In bed he discovers that his legs ache from all the walking he did in Brewer today. His shins feel splintered; no matter how he twists, the pain, after a moment of relief gained by the movement, sneaks back. He tries praying to relax him but it doesn't do it. There's no connection. He opens his eyes to look at the ceiling and the darkness is mottled with an unsteady network of veins like the net of yellow and blue that mottled the skin of his baby. He remembers seeing her neat red profile through the window at the hospital and a great draft of grief sweeps through him, brings him struggling out of bed to turn on the lights. The electric glare seems thin. His groin aches to weep. He is afraid to stick even his hand into the bathroom; he fears if he turns on the light he will see a tiny wrinkled blue corpse lying face up on the floor of the drained tub. The pressure in his bladder grows until he is at last forced to dare; the dark bottom of the tub leaps up blank and white.

He expects never to go to sleep and, awaking with the slant of sunshine and the noise of doors slamming downstairs, feels his body has betrayed his soul. He dresses in haste, more panicked now than at any time yesterday. The event is realer. Invisible cushions press against his throat and slow his legs and arms; the kink in his chest has grown thick and crusty. Forgive me, forgive me, he keeps saying silently to no one.

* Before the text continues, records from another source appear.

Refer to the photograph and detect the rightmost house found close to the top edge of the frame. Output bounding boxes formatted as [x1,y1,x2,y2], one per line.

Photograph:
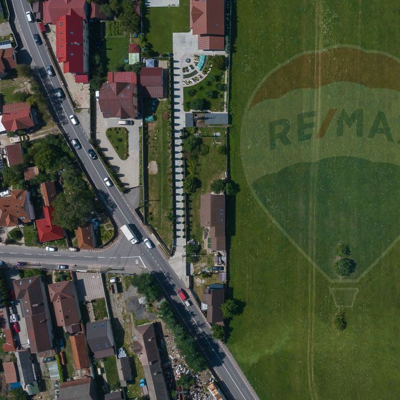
[190,0,226,50]
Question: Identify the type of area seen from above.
residential area
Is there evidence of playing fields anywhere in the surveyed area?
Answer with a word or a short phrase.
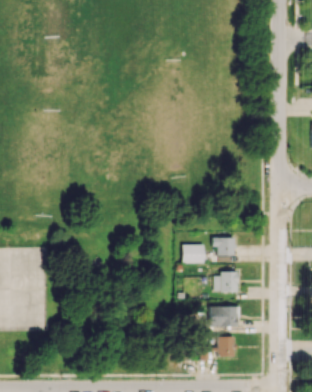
Yes
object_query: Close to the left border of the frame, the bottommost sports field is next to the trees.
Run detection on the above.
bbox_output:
[12,110,73,217]

He goes over to the Springers' and the tone of the house has changed; he feels everything has been rearranged slightly to make a space into which he can fit by making himself small. Mrs. Springer serves him orange juice and coffee and even speaks, cautiously.

"Do you want cream?"

"No. No. I'll drink it black."

"We have cream if you want it."

"No, really. It's fine."

Janice is awake. He goes upstairs and lies down beside her on the bed; she clings to him and sobs into the cup between his neck and jaw and the sheet. Her face has been shrunk; her body seems small as a child's, and hot and hard. She tells him, "I can't stand to look at anyone except you. I can't bear to look at the others."

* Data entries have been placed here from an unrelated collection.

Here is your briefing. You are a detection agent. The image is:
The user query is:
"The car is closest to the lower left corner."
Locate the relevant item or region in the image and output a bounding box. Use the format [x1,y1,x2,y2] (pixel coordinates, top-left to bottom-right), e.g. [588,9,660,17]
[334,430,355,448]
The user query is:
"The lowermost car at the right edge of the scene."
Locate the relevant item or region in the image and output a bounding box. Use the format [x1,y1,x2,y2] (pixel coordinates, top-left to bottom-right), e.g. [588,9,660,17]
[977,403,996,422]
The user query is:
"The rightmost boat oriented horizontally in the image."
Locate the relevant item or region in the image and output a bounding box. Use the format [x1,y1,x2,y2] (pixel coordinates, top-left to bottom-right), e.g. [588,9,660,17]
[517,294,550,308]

"It wasn't your fault," he tells her. "It was mine."

"I've got my milk back," Janice says, "and every time my breasts sting I think she must be in the next room."

They cling together in a common darkness; he feels the walls between them dissolve in a flood of black; but the heavy knot of apprehension remains in his chest, his own.

He stays in the house all that day. Visitors come, and tiptoe about. Their manner suggests that Janice upstairs is very sick. They sit, these women, over coffee in the kitchen with Mrs. Springer, whose petite rounded voice, oddly girlish divorced from the sight of her body, sighs on and on like an indistinct, rising and falling song. Peggy Fosnacht comes, her sunglasses off, her walleyes wide to the world, and goes upstairs. Her son Billy plays with Nelson, and no one moves to halt their squeals of anger and pain in the back yard, which, neglected, in time die away. Even Harry has a visitor. The doorbell rings and Mrs. Springer goes and comes into the dim room where Harry is sitting looking at magazines and says, in a surprised and injured voice, "A man for you."

She leaves the doorway and he gets up and walks a few steps forward to greet the man coming into the room, Tothero, leaning on a cane and his face half—paralyzed; but talking, walking, alive. And the baby dead. "Hi! Gee, how are you?"

"Harry." With the hand that is not on the cane he grips Harry's arm. He brings a long look to bear on Harry's face; his mouth is tweaked downward on one side and the skin over his eye on this side is dragged down diagonally so it nearly curtains the glitter. The gouging grip of his fingers trembles.